At the manager’s meeting this week, we understand that John Schuerholz spoke about how to turn around a losing team. It is a sad commentary on the state of Aaron’s when one of its own directors stands before 2,300 of the company’s senior leaders and talks for 30 minutes about turning around a losing team. If Aaron’s is truly as strong as it has ever been—as management has repeatedly asserted—it is odd that Mr. Schuerholz would spend any time discussing turning around a loser and not focus instead on continuing to build a winner. We hope that each of you were present to hear Mr. Schuerholz’s remarks.

Very truly yours,

/s/ Brian R. Kahn

Brian R. Kahn

Managing Member

Vintage Capital Management, LLC

Additional Information and Where to Find It

Vintage Capital Management, LLC (“VCM”), collectively with Kahn Capital Management (“KCM”), W. Kenneth Butler, Jr., Matthew E. Avril, Spencer S. Smith, Thomas R. Bernau and Brian R. Kahn, are participants in the solicitation of proxies from shareholders in connection with the 2014 Annual Meeting of Shareholders (the “Annual Meeting”) of Aaron’s, Inc. (the “Company”). VCM intends to file a proxy statement (the “2014 Proxy Statement”) with the Securities and Exchange Commission (the “SEC”) in connection with the solicitation of proxies for the Annual Meeting.

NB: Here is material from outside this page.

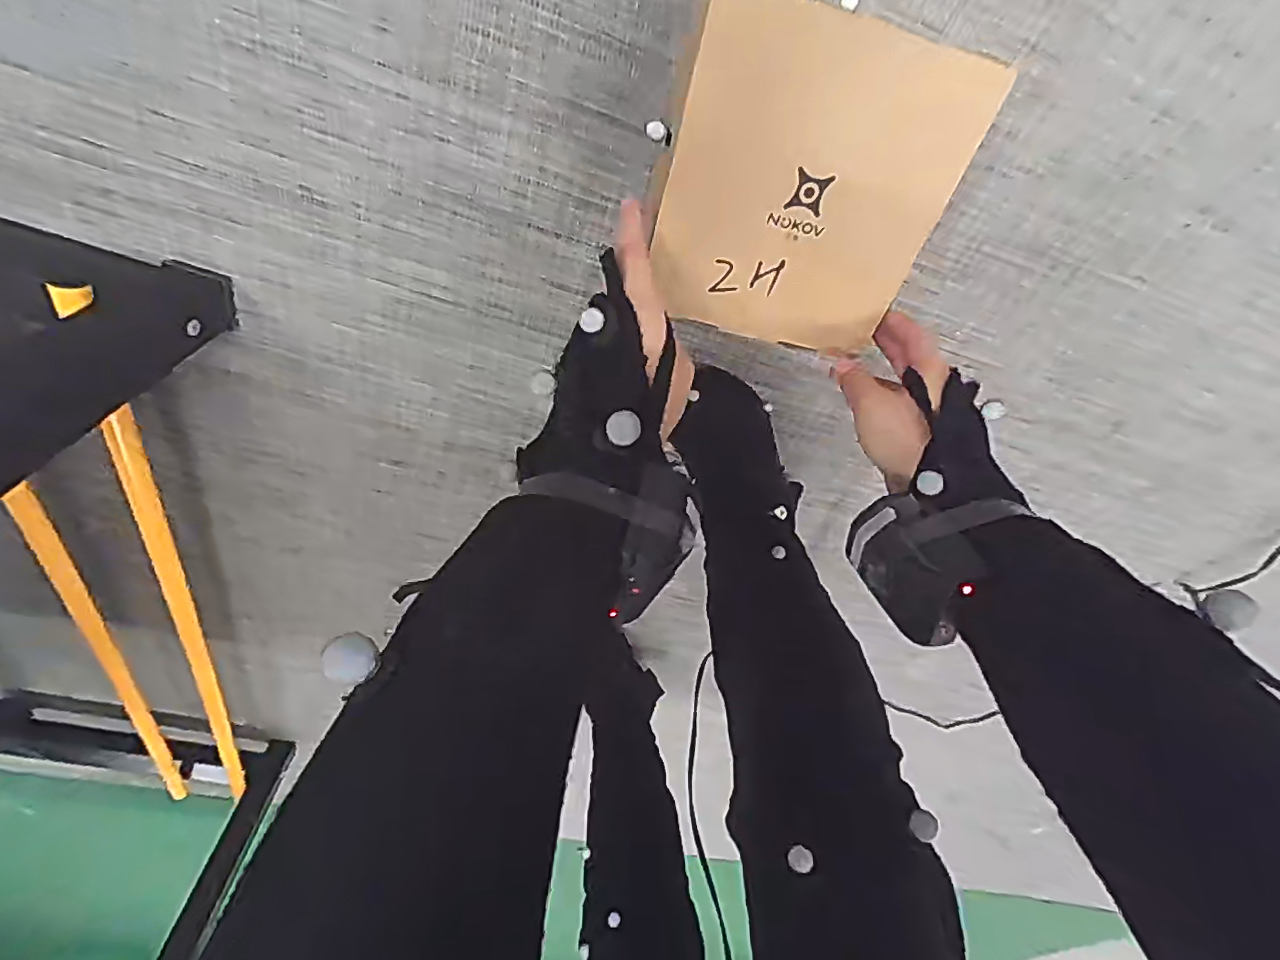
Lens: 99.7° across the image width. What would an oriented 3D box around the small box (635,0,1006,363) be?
[{"bbox_3d":[0.096,-0.215,0.384,0.168,0.176,0.179,12,131,-7],"label":"small box"}]

VCM, KCM and Mr. Kahn may be deemed to beneficially own 7,277,000 shares of the Company’s common stock, representing approximately 10.1% of the Company’s common stock. None of the other participants owns in excess of 1% of the Company’s common stock. Additional information regarding such participants, including their direct or indirect interests, by security holdings or otherwise, will be included in the 2014 Proxy Statement and other relevant documents to be filed with the SEC in connection with the Annual Meeting. On February 7, 2014, VCM submitted an offer to acquire the Company for $30.50 per share in cash.



Promptly after filing its definitive 2014 Proxy Statement with the SEC, VCM intends to mail the definitive 2014 Proxy Statement and a WHITE proxy card pursuant to applicable SEC rules. SHAREHOLDERS ARE URGED TO READ THE 2014 PROXY STATEMENT (INCLUDING ANY AMENDMENTS OR SUPPLEMENTS THERETO) AND ANY OTHER RELEVANT DOCUMENTS THAT THE COMPANY WILL FILE WITH THE SEC WHEN THEY BECOME AVAILABLE BECAUSE THEY WILL CONTAIN IMPORTANT INFORMATION. Shareholders may obtain, free of charge, copies of the definitive 2014 Proxy Statement and any other documents filed by VCM with respect to the Company with the SEC in connection with the Annual Meeting at the SEC’s website (http://www.sec.gov) or by writing to Vintage Capital Management, LLC, 4705 S. Apopka Vineland Road, Suite 210, Orlando, FL 32819.

About Vintage Capital Management, LLC

Vintage Capital Management, LLC (“VCM”) is a value-oriented, operations-focused private and public equity investor specializing in the aerospace & defense, manufacturing and consumer sectors with a 15-year track record of consistently successful returns. VCM adheres strictly to a capital preservation approach defined by its commitment to control (economic or otherwise); vigilant analysis; structural advantages; and partnership with successful operators well known to VCM.